TASK STATEMENT - Copy the entries word for word. Keep the pictures out.

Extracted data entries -
=== Section Start ===

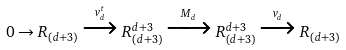Convert formula to latex. <formula><loc_0><loc_0><loc_500><loc_500>0 \to R _ { ( d + 3 ) } \xrightarrow { v _ { d } ^ { t } } R _ { ( d + 3 ) } ^ { d + 3 } \xrightarrow { M _ { d } } R _ { ( d + 3 ) } ^ { d + 3 } \xrightarrow { v _ { d } } R _ { ( d + 3 ) }</formula> 
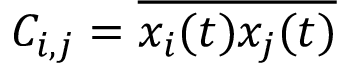Convert formula to latex. <formula><loc_0><loc_0><loc_500><loc_500>C _ { i , j } = \overline { { x _ { i } ( t ) x _ { j } ( t ) } }</formula> 
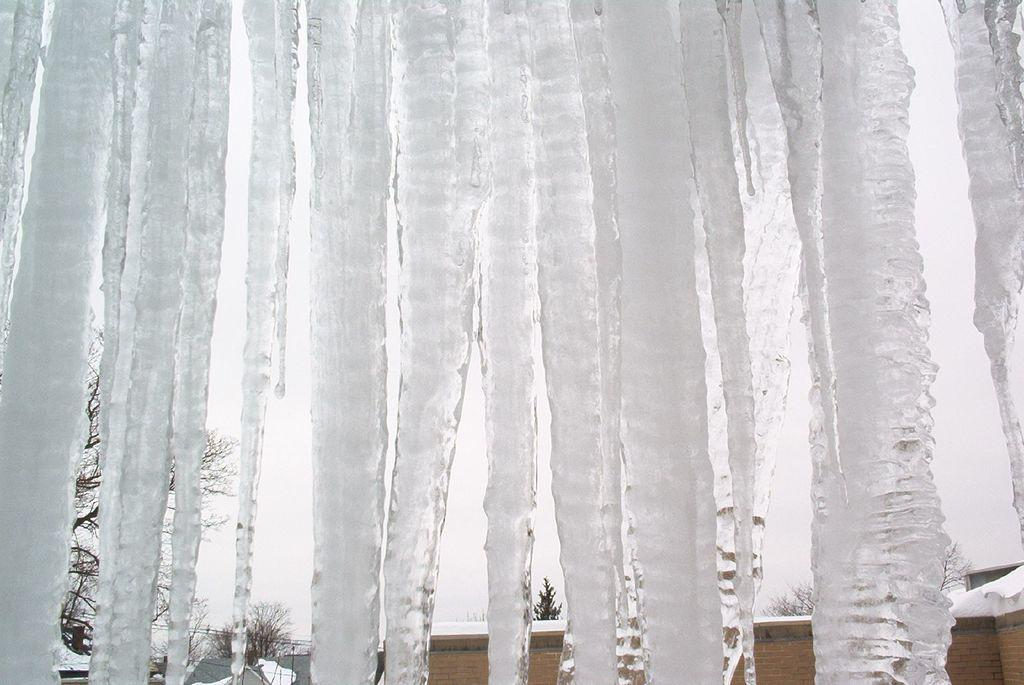What is in the foreground of the image? There is ice water in the foreground of the image. What can be seen in the background of the image? There is snow, trees, and buildings in the background of the image. How many different types of natural elements are visible in the background? There are two different types of natural elements visible in the background: snow and trees. What type of structures can be seen in the background? There are buildings in the background of the image. What is the temperature of the fight between the trees and the buildings in the image? There is no fight between the trees and the buildings in the image, and therefore no temperature can be associated with it. 
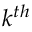<formula> <loc_0><loc_0><loc_500><loc_500>k ^ { t h }</formula> 
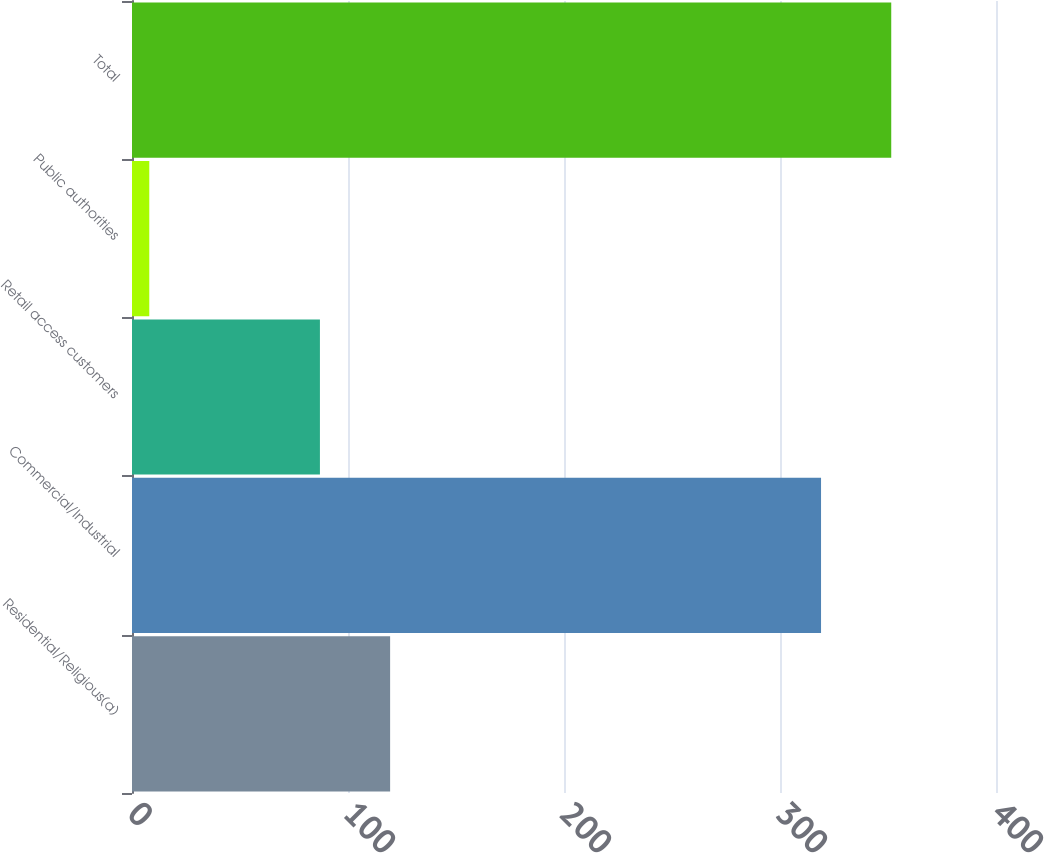Convert chart to OTSL. <chart><loc_0><loc_0><loc_500><loc_500><bar_chart><fcel>Residential/Religious(a)<fcel>Commercial/Industrial<fcel>Retail access customers<fcel>Public authorities<fcel>Total<nl><fcel>119.5<fcel>319<fcel>87<fcel>8<fcel>351.5<nl></chart>

=== Section End ===

RESULT OF THIS TASK -
Convert formula to latex. <formula><loc_0><loc_0><loc_500><loc_500>0 \to R _ { ( d + 3 ) } \xrightarrow { v _ { d } ^ { t } } R _ { ( d + 3 ) } ^ { d + 3 } \xrightarrow { M _ { d } } R _ { ( d + 3 ) } ^ { d + 3 } \xrightarrow { v _ { d } } R _ { ( d + 3 ) }</formula> 
Convert formula to latex. <formula><loc_0><loc_0><loc_500><loc_500>C _ { i , j } = \overline { { x _ { i } ( t ) x _ { j } ( t ) } }</formula> 
What is in the foreground of the image? There is ice water in the foreground of the image. What can be seen in the background of the image? There is snow, trees, and buildings in the background of the image. How many different types of natural elements are visible in the background? There are two different types of natural elements visible in the background: snow and trees. What type of structures can be seen in the background? There are buildings in the background of the image. What is the temperature of the fight between the trees and the buildings in the image? There is no fight between the trees and the buildings in the image, and therefore no temperature can be associated with it. 
<formula> <loc_0><loc_0><loc_500><loc_500>k ^ { t h }</formula> 
Convert chart to OTSL. <chart><loc_0><loc_0><loc_500><loc_500><bar_chart><fcel>Residential/Religious(a)<fcel>Commercial/Industrial<fcel>Retail access customers<fcel>Public authorities<fcel>Total<nl><fcel>119.5<fcel>319<fcel>87<fcel>8<fcel>351.5<nl></chart>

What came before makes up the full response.